O fato é que pensei muito sobre a frase escrita com uma caligrafia professoral no pequeno bilhete que guardei em minha bolsa, motivada por outra bolsa, a dela própria: havia deixado-a, aberta, esquecida num banco atrás de si, a alguns passos de distância. Foi alertada com preocupação sobre o fato, e num movimento jovial, porém sem pressa, agarrou-a e proferiu a frase que, mais tarde, anotou junto a seu endereço para que delas – pessoa e frase - eu não me esquecesse.
E como poderia? Num repente foi-me explicada a genérica “sorte” que sempre me fôra atribuída. Lembrei-me de imediato das inúmeras vezes em que recuperei carteira, chave, cartão de crédito, agendas e outros objetos pessoais deixados nos locais mais impróprios e lá continuando intactos à espera de que eu fosse buscá-los. Ou então caridosamente guardados e devolvidos. Listei em minhas memórias as tantas vezes que, em tendo desperdiçado tempo de trabalho em outras atividades mais interessantes, não consegui cumprir prazos, e inesperadamente tinha as reuniões para entrega de trabalho postergadas pelos próprios clientes. Enumerei mentalmente as vezes que, moradora da imensa e violenta metrópole, passeava de carro, vidros abertos, embasbacada com um ou outro detalhe urbano interessante, expondo-me à ação de ladrões, sequestradores e quetais, e constatei que nunca havia sido abordada. Sorte ou efetiva proteção divina? Três toques na madeira, por via das dúvidas.

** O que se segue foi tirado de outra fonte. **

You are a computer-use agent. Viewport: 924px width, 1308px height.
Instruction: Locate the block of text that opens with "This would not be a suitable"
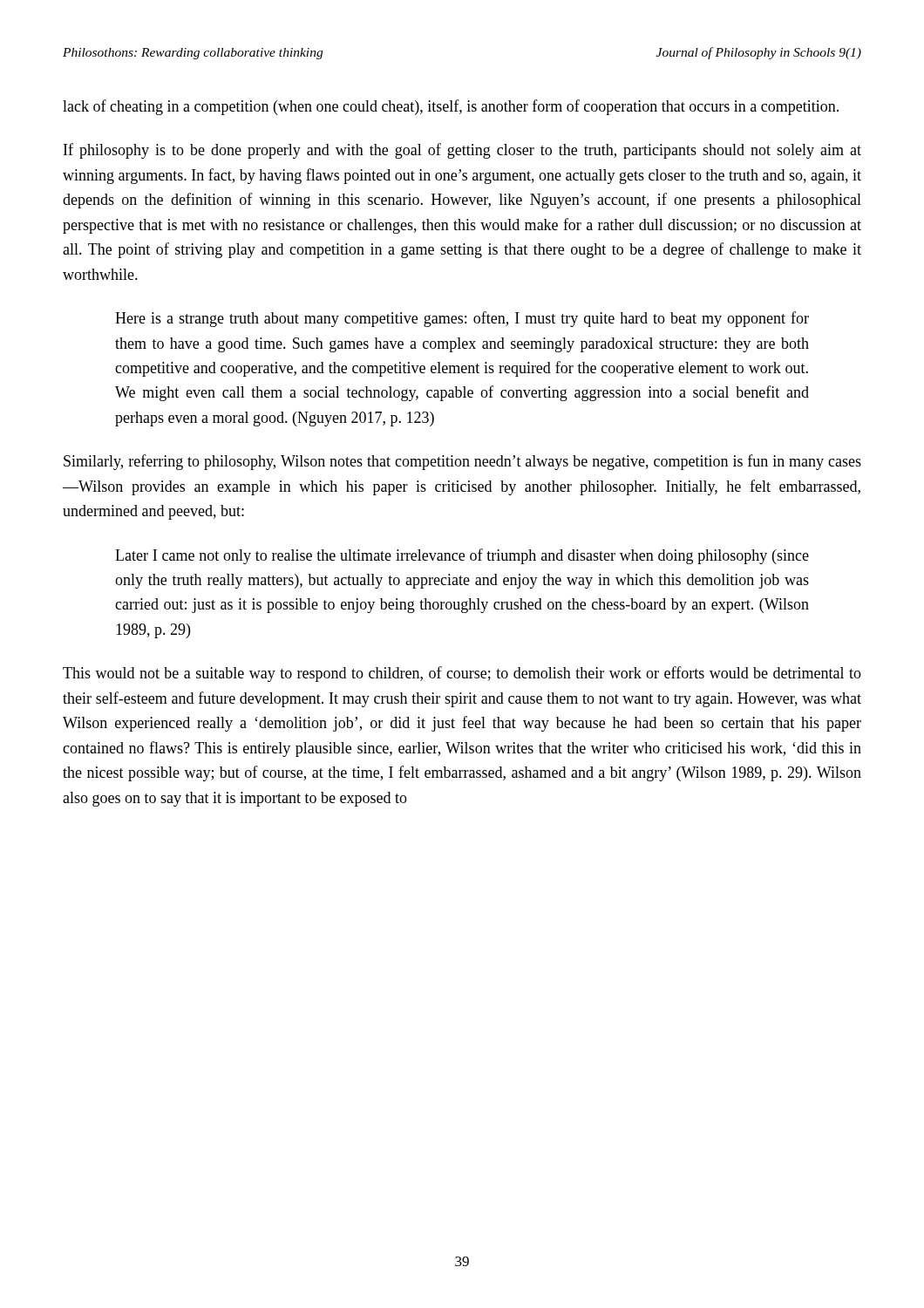click(462, 735)

Mas essa irresponsabilidade “light” não tem relação com a prepotência. Não é que nós, os pequenos irresponsáveis, não acreditemos que os perigos existam, ou nos coloquemos acima do bem e do mal, certos de que nada irá nos acontecer. É nossa fé inabalável que comove os deuses, fazendo-os compadecer-se sinceramente daqueles seres ingênuos que nada sabem das maldades do mundo, ao menos nesses instantes fugidios em que se desligam da realidade. Assim, estendem seus braços (auras, asas, energias, mantos, mãos) sobre nós, jurando que é a última vez. Porém nunca o é, pois essa atitude paternalista dos nossos protetores não nos ensina de fato. Justamente porque, diferentemente dos arrogantes e prepotentes irresponsáveis “hardcore”, não dirigimos embriagados, não fazemos sexo sem proteção, não andamos armados, não compramos brigas inúteis, não deixamos de dialogar à exaustão com nossos filhos. Enfim, não fazemos roleta russa com nossas vidas: apenas nos esquecemos momentaneamente, em nosso poético devaneio, da vida real - e assim arriscamos coisas banais, como chaves e carteiras.
Deus protege os irresponsáveis. Essa tese instantânea e perigosa da pequena senhora, gravada a caneta num pedacinho de papel, seria facilmente refutável por inúmeros argumentos contrários. Mas para mim e minha fé, bastam. Evidentemente, com restrições: deve ser compreendida como uma explicação para bem sucedidas vivências anteriores, e nunca como mote para futuras atitudes. Afinal, podemos ser irresponsáveis, mas não somos loucos.